---------- Data to process ----------

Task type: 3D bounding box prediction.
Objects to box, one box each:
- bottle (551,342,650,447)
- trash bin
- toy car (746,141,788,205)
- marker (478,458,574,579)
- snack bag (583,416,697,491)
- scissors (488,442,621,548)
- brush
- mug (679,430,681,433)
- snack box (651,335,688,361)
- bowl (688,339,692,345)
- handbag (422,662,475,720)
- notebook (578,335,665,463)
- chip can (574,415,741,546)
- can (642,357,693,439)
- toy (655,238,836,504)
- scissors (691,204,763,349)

----------
---------- Data to process ----------

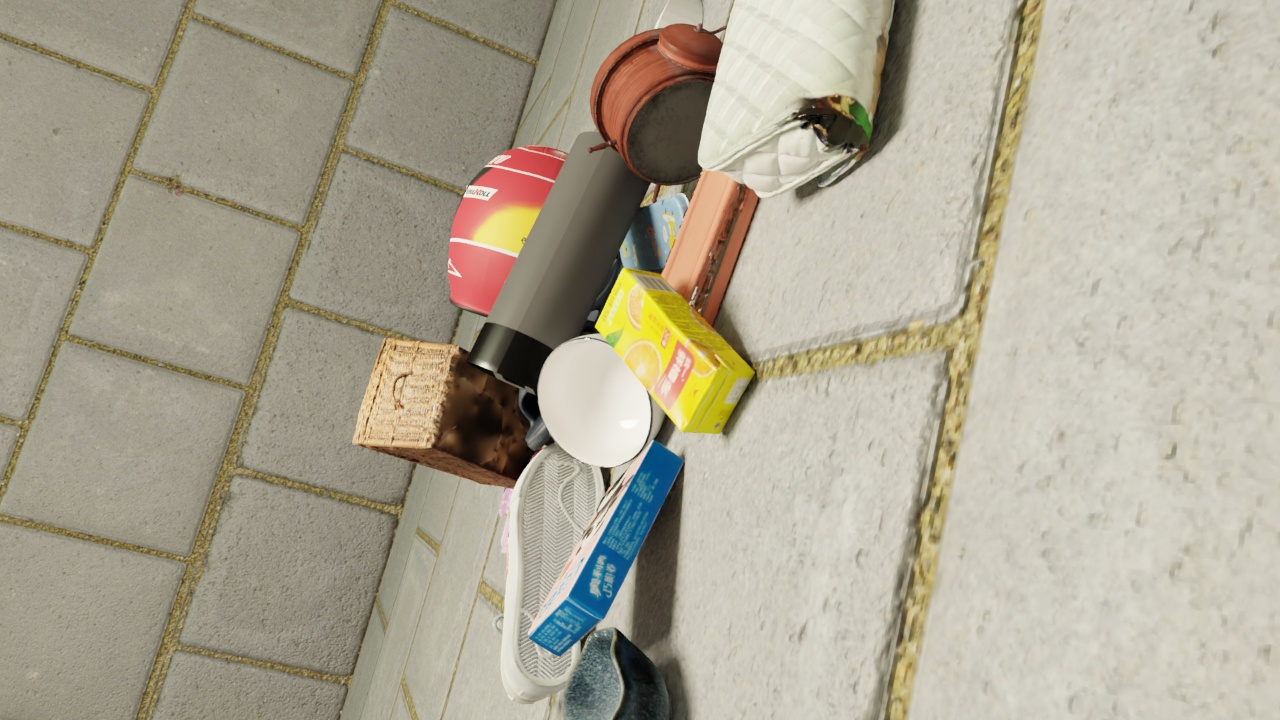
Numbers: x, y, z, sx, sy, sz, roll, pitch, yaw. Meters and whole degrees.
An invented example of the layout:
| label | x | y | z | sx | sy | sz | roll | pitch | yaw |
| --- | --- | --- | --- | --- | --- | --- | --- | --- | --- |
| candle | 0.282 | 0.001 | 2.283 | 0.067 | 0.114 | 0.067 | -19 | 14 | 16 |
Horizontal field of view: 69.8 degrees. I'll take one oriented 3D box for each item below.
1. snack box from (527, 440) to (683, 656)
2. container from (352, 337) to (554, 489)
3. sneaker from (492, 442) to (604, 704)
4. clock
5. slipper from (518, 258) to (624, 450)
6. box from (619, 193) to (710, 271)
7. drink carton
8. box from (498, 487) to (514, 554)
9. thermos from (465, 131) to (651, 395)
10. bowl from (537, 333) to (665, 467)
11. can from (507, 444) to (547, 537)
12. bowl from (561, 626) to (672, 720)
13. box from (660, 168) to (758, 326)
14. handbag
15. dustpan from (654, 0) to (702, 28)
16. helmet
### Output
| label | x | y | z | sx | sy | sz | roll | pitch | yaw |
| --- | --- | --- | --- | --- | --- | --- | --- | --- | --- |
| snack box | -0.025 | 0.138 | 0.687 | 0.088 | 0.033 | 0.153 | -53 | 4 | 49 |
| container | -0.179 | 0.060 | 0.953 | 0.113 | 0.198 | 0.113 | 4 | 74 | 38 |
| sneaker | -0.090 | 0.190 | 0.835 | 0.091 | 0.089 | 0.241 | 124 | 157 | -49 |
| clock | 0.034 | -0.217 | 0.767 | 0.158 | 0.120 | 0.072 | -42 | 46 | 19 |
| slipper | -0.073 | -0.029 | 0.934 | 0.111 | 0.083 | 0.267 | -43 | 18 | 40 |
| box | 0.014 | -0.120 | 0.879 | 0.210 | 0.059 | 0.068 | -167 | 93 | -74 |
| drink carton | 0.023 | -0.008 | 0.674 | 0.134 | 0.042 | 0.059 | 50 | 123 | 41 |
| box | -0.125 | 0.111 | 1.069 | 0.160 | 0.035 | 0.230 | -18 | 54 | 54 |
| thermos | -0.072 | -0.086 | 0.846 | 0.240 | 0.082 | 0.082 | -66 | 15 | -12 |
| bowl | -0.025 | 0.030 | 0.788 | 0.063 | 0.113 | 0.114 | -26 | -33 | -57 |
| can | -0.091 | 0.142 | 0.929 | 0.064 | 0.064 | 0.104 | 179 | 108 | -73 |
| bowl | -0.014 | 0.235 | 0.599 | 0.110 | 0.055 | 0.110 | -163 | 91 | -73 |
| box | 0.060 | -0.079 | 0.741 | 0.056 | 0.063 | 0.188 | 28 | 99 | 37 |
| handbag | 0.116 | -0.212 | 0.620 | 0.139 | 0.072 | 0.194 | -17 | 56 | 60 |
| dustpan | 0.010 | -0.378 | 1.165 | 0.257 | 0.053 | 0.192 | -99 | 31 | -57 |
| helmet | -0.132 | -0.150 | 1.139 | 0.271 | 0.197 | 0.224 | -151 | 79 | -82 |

----------

→ **What is being asked**: Across the listing above, report every line where "from" occurs.

→ **Expected answer**:
1. snack box from (527, 440) to (683, 656)
2. container from (352, 337) to (554, 489)
3. sneaker from (492, 442) to (604, 704)
5. slipper from (518, 258) to (624, 450)
6. box from (619, 193) to (710, 271)
8. box from (498, 487) to (514, 554)
9. thermos from (465, 131) to (651, 395)
10. bowl from (537, 333) to (665, 467)
11. can from (507, 444) to (547, 537)
12. bowl from (561, 626) to (672, 720)
13. box from (660, 168) to (758, 326)
15. dustpan from (654, 0) to (702, 28)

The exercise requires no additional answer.